In: Finance
Your firm is trying to decide on its target capital structure. You expect free cash flows in year 1 to be $100, with constant growth at a rate of 5% forever after. Your firm has an unlevered cost of capital of 10%, and you expect your debt cost of capital will be 5% no matter how much debt you take on. After you borrow, you plan to keep the debt-to-value ratio constant forever. Given the present value of financial distress costs for each level of debt below, how much should your firm borrow today? Assume your firm has a 20% tax rate.
Debt | Present Value of Distress Costs |
$0 | $0.00 |
$500 | $32.34 |
$1,000 | $106.88 |
$1,500 | $223.59 |
$2,000 | $382.50 |
$0 |
$500 |
$1,000 |
$1,500 |
$2,000 |
First we need to find out the cost of capital Kc at different debt level.
Kc = Wa×Ke + Wb× Kd
Where
Ke = cost of equity = 10% why? Because unlevered cost of capital is nothing but the cost of equity as the capital of an unlevered firm comprised of equity only.
Kd =post tax cost of debt = cost of debt×(1-tax rate) = 5%×(1-.20) = 4%
We = weight of equity in capital structure = (1-Wd)

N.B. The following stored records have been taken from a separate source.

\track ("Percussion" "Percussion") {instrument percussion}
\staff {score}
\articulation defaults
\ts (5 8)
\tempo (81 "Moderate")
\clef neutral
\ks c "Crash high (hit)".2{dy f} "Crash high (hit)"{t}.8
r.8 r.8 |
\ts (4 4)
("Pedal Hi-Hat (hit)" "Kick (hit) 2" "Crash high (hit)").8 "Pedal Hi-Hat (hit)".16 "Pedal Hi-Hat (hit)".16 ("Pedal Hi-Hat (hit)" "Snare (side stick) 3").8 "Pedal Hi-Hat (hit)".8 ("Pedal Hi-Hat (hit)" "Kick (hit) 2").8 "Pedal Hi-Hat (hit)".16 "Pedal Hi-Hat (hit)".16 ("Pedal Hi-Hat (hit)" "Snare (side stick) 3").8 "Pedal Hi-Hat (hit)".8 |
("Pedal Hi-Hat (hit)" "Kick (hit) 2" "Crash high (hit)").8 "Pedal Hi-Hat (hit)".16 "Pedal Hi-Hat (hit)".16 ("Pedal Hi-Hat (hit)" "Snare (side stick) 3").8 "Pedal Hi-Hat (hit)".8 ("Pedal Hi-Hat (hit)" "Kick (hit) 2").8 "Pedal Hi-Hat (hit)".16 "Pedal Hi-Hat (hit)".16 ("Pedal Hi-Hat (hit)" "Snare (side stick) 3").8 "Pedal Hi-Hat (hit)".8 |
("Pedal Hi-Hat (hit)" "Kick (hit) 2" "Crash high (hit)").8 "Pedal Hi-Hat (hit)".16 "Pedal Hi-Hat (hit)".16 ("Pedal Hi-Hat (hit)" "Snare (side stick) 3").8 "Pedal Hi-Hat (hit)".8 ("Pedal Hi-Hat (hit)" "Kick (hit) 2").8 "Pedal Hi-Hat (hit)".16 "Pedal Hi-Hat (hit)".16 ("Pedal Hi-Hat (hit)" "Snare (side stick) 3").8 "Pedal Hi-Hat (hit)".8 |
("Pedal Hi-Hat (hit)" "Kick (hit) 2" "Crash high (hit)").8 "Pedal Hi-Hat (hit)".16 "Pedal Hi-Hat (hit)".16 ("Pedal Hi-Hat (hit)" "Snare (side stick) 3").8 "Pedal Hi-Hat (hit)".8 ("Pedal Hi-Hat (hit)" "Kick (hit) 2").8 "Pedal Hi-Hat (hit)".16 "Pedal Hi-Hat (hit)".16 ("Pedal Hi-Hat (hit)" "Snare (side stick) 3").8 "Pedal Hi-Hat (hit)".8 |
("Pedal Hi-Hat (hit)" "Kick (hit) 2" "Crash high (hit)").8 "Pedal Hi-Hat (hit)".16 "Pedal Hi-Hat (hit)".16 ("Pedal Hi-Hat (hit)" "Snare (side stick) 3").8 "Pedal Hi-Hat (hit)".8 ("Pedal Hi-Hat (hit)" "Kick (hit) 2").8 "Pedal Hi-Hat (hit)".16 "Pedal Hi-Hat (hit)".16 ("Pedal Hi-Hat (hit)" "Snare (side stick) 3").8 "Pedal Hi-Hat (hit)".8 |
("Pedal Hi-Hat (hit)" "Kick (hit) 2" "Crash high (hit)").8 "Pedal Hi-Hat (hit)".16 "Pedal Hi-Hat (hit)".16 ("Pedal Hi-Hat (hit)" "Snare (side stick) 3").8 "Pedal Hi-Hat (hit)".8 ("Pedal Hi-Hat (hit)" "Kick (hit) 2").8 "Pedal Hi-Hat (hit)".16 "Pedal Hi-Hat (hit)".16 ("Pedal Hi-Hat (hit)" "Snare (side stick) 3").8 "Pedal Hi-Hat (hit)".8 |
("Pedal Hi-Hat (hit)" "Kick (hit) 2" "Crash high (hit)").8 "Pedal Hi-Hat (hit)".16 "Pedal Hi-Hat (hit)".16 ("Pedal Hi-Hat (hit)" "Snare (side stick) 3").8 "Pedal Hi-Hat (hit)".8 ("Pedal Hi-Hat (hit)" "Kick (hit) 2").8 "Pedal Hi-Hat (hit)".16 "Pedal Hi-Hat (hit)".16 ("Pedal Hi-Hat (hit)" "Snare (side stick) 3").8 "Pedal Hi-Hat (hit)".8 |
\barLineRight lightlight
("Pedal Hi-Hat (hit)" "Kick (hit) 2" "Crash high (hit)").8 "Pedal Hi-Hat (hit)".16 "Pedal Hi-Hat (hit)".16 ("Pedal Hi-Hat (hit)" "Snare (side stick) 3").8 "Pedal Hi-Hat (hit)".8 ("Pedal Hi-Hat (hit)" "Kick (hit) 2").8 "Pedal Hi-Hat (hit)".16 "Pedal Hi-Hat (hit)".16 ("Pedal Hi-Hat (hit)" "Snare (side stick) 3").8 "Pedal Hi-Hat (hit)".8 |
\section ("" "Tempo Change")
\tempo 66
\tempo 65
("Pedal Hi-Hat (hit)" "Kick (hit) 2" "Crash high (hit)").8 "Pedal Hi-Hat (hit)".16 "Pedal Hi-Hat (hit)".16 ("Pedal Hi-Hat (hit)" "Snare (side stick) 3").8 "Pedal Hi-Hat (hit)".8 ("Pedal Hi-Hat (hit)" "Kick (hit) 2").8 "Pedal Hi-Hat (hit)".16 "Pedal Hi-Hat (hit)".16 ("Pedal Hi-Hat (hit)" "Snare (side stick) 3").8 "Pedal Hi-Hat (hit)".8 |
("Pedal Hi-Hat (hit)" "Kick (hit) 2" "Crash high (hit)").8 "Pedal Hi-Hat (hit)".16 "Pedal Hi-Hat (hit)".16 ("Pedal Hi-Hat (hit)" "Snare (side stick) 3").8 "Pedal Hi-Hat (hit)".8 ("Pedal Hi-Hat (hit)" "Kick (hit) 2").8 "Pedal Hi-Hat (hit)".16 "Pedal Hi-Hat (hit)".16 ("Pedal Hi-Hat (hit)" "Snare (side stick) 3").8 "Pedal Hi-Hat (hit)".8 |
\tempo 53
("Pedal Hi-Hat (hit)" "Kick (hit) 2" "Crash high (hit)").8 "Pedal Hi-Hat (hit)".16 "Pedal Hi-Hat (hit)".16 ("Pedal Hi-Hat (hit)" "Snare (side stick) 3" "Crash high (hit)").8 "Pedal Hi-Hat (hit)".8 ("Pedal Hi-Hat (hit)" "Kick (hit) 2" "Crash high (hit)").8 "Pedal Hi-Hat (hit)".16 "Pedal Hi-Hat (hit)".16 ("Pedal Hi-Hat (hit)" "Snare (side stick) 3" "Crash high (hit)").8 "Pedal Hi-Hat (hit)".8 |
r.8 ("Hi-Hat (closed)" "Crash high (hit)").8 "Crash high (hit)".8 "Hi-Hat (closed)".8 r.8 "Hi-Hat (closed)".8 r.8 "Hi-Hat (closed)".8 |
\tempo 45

Wd = weight of debt in capital structure i.e. debt to value ratio
= Wd = debt/(equity +debt)
For calculating these we need value of equity capital which is equal to the present value of future cashflows @ Ke
Market worth of Equity capital = freecashflows/( ke -g)
g = constant growth = 5%
= 100/(.10-.05) = $ 2000
Wd in different debt level is as follows
Debt Wd We Kc
0 0/2000 =0 1-0= 1 1×10% +0 =10%
500 500/2000=.25 1- .25=.75 .75×10%+.25×4%= 8.4%
1000 1000/2000= .5 1-.5 = .50 .5×10% +.5×4% = 7%
1500 1500/2000=.75 1-.75=.25 .25×10%+.75×4%= 5.5%
2000 2000/2000=1 1-1 =0 0+ 1×4% =4%
Lets calculate company's value at different debt levels assuming it will generate same cashflows as it is generating now i.e.$100 company's value = present value of future inflows/(Kc-g) =100/(Kc-.05)

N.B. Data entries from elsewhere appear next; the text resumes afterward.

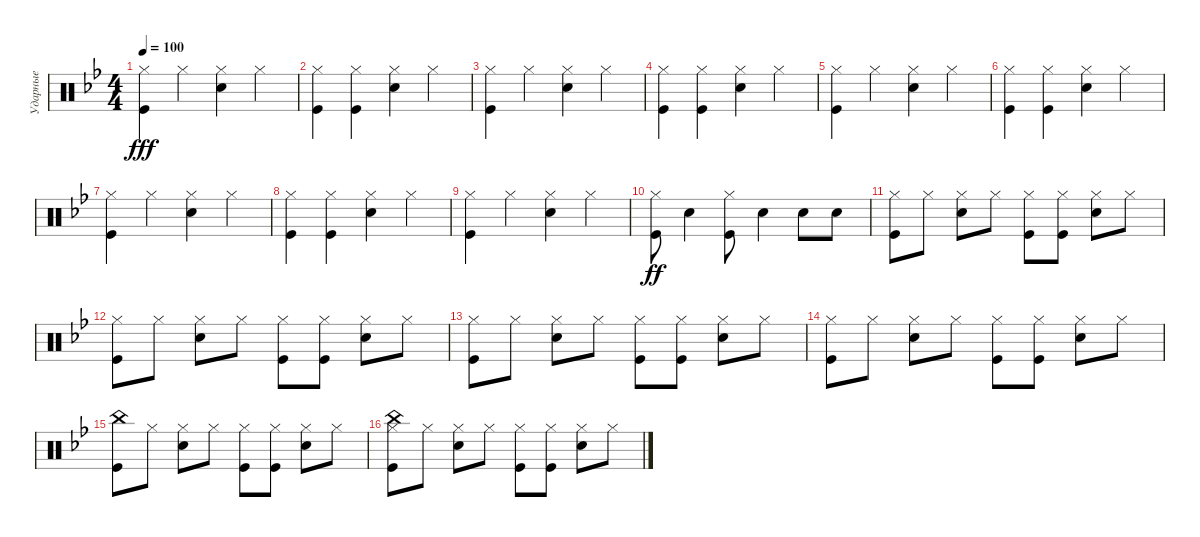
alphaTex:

\track ("Ударные" "Ударные") {instrument percussion}
\staff {score}
\articulation defaults
\ts (4 4)
\tempo 100
\clef neutral
\ks gminor
("Hi-Hat (closed)" "Kick (hit)").4{dy fff} "Hi-Hat (closed)".4 ("Hi-Hat (closed)" "Snare (hit) 2").4 "Hi-Hat (closed)".4 |
("Kick (hit)" "Hi-Hat (closed)").4 ("Hi-Hat (closed)" "Kick (hit)").4 ("Hi-Hat (closed)" "Snare (hit) 2").4 "Hi-Hat (closed)".4 |
("Hi-Hat (closed)" "Kick (hit)").4 "Hi-Hat (closed)".4 ("Hi-Hat (closed)" "Snare (hit) 2").4 "Hi-Hat (closed)".4 |
("Kick (hit)" "Hi-Hat (closed)").4 ("Hi-Hat (closed)" "Kick (hit)").4 ("Hi-Hat (closed)" "Snare (hit) 2").4 "Hi-Hat (closed)".4 |
("Hi-Hat (closed)" "Kick (hit)").4 "Hi-Hat (closed)".4 ("Hi-Hat (closed)" "Snare (hit) 2").4 "Hi-Hat (closed)".4 |
("Kick (hit)" "Hi-Hat (closed)").4 ("Hi-Hat (closed)" "Kick (hit)").4 ("Hi-Hat (closed)" "Snare (hit) 2").4 "Hi-Hat (closed)".4 |
("Hi-Hat (closed)" "Kick (hit)").4 "Hi-Hat (closed)".4 ("Hi-Hat (closed)" "Snare (hit) 2").4 "Hi-Hat (closed)".4 |
("Kick (hit)" "Hi-Hat (closed)").4 ("Hi-Hat (closed)" "Kick (hit)").4 ("Hi-Hat (closed)" "Snare (hit) 2").4 "Hi-Hat (closed)".4 |
("Hi-Hat (closed)" "Kick (hit)").4 "Hi-Hat (closed)".4 ("Hi-Hat (closed)" "Snare (hit) 2").4 "Hi-Hat (closed)".4 |
("Kick (hit)" "Hi-Hat (closed)").8{dy ff} "Snare (hit) 2".4 ("Kick (hit)" "Hi-Hat (closed)").8 "Snare (hit) 2".4 "Snare (hit) 2".8 "Snare (hit) 2".8 |
("Hi-Hat (closed)" "Kick (hit)").8 "Hi-Hat (closed)".8 ("Hi-Hat (closed)" "Snare (hit) 2").8 "Hi-Hat (closed)".8 ("Hi-Hat (closed)" "Kick (hit)").8 ("Hi-Hat (closed)" "Kick (hit)").8 ("Snare (hit) 2" "Hi-Hat (closed)").8 "Hi-Hat (closed)".8 |
("Hi-Hat (closed)" "Kick (hit)").8 "Hi-Hat (closed)".8 ("Hi-Hat (closed)" "Snare (hit) 2").8 "Hi-Hat (closed)".8 ("Hi-Hat (closed)" "Kick (hit)").8 ("Hi-Hat (closed)" "Kick (hit)").8 ("Snare (hit) 2" "Hi-Hat (closed)").8 "Hi-Hat (closed)".8 |
("Hi-Hat (closed)" "Kick (hit)").8 "Hi-Hat (closed)".8 ("Hi-Hat (closed)" "Snare (hit) 2").8 "Hi-Hat (closed)".8 ("Hi-Hat (closed)" "Kick (hit)").8 ("Hi-Hat (closed)" "Kick (hit)").8 ("Snare (hit) 2" "Hi-Hat (closed)").8 "Hi-Hat (closed)".8 |
("Hi-Hat (closed)" "Kick (hit)").8 "Hi-Hat (closed)".8 ("Hi-Hat (closed)" "Snare (hit) 2").8 "Hi-Hat (closed)".8 ("Hi-Hat (closed)" "Kick (hit)").8 ("Hi-Hat (closed)" "Kick (hit)").8 ("Snare (hit) 2" "Hi-Hat (closed)").8 "Hi-Hat (closed)".8 |
("China (hit)" "Kick (hit)").8 "Hi-Hat (closed)".8 ("Hi-Hat (closed)" "Snare (hit) 2").8 "Hi-Hat (closed)".8 ("Hi-Hat (closed)" "Kick (hit)").8 ("Hi-Hat (closed)" "Kick (hit)").8 ("Snare (hit) 2" "Hi-Hat (closed)").8 "Hi-Hat (closed)".8 |
("Hi-Hat (closed)" "Kick (hit)" "China (hit)").8 "Hi-Hat (closed)".8 ("Hi-Hat (closed)" "Snare (hit) 2").8 "Hi-Hat (closed)".8 ("Hi-Hat (closed)" "Kick (hit)").8 ("Hi-Hat (closed)" "Kick (hit)").8 ("Snare (hit) 2" "Hi-Hat (closed)").8 "Hi-Hat (closed)".8

Debt level company value PV of distress cost Net value
(A) (B) (A)-(B)
0 100/(.10-.05)
2000 0 2000
500 100/(.084-.05)
2941 32.34 2908.66
1000 100/(.07-.05)
5000 106.88 4893
1500 100/(.055-.05)
20000 382.5 19617.5
2000 can't be calculated as it will give negative value because Ke=4%< g=5% logic behind this is that a company cannot survive for longer period if it is completely financed by debt because it has repay the debt within a finite period. And interest payment will be made regularly irrespective that whether company earns profits or not.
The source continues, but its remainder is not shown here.